- **DATA SECTION**
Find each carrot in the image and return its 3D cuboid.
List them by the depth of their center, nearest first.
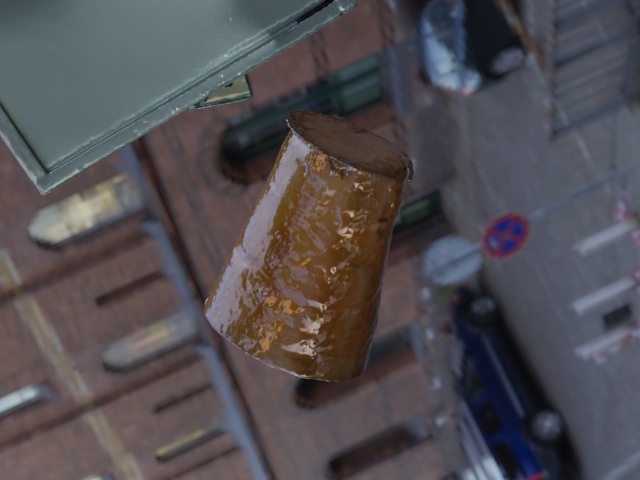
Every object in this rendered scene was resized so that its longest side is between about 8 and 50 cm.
[{"bbox_3d":[0.000,0.000,1.665,0.254,0.196,0.196,-69,27,21],"label":"carrot"}]

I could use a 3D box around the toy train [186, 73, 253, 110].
[{"bbox_3d":[-0.209,-0.258,1.919,0.202,0.266,0.145,-91,-12,-47],"label":"toy train"}]

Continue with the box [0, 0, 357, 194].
[{"bbox_3d":[-0.137,-0.191,0.926,0.225,0.225,0.117,60,178,-31],"label":"box"}]
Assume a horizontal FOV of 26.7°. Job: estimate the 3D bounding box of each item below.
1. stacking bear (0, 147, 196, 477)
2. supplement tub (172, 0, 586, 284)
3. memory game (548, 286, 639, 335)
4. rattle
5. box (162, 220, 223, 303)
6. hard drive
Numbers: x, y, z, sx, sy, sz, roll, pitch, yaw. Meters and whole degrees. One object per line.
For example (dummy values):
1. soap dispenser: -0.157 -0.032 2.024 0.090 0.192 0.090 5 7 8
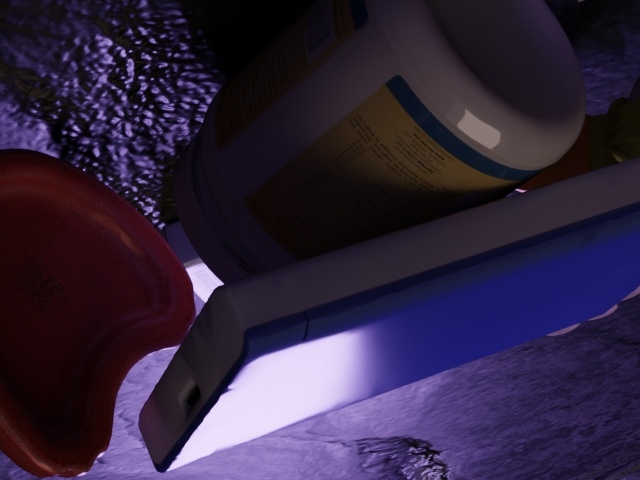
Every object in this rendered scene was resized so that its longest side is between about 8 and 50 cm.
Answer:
1. stacking bear: -0.247 0.067 0.810 0.289 0.175 0.164 -23 112 36
2. supplement tub: 0.026 -0.059 0.728 0.144 0.144 0.200 9 145 -43
3. memory game: 0.213 0.051 1.216 0.186 0.012 0.186 -14 155 -7
4. rattle: 0.215 -0.054 0.946 0.143 0.130 0.200 -20 -177 32
5. box: 0.000 0.000 0.955 0.186 0.038 0.145 -19 155 8
6. hard drive: 0.070 0.035 0.749 0.319 0.040 0.210 -17 162 -25
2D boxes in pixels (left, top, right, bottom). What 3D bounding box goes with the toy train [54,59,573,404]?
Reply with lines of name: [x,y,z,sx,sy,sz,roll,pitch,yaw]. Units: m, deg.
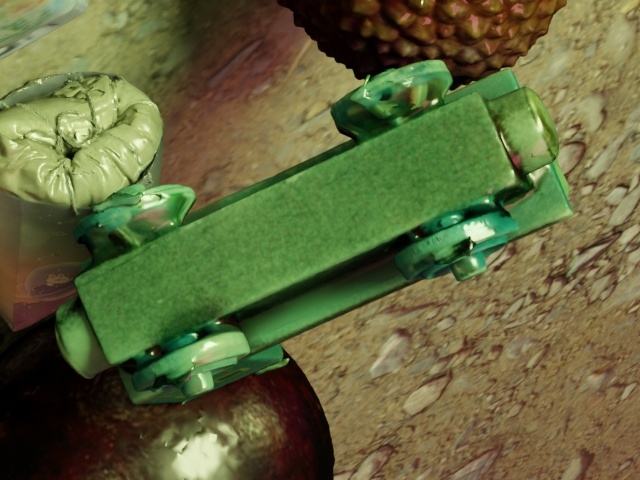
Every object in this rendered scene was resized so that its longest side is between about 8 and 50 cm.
toy train: [0.000,0.000,1.116,0.298,0.120,0.194,-24,171,11]

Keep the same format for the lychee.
lychee: [0.051,-0.172,1.101,0.188,0.188,0.188,-31,154,-17]

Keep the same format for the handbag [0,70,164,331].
handbag: [-0.149,-0.025,1.169,0.117,0.095,0.173,-32,157,-24]

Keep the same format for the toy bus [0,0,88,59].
toy bus: [-0.264,-0.068,0.850,0.329,0.109,0.136,-27,173,11]

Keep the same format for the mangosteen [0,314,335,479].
mangosteen: [-0.126,0.189,1.326,0.297,0.293,0.297,-10,146,-7]
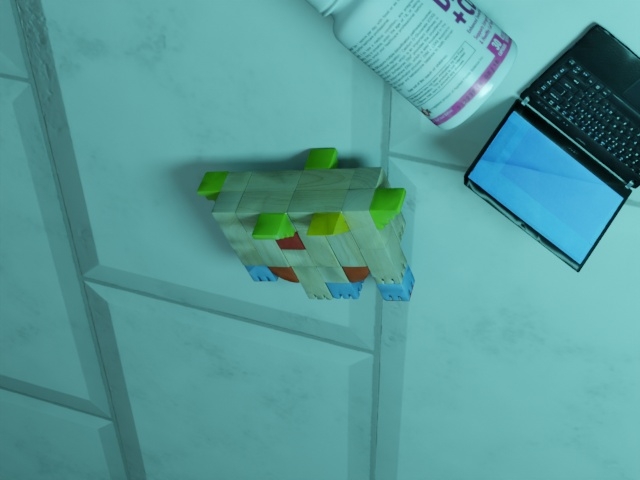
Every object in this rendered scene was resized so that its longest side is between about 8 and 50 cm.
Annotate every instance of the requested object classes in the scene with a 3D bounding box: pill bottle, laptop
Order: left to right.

- **WORK TO BE COMPLETED**
Show each line of the material that includes the word "left".

- **TASK ANSWER**
2D boxes in pixels (left, top, right, bottom). What 3D bounding box goes with the toy train [54,59,573,404]?
Order: left to right.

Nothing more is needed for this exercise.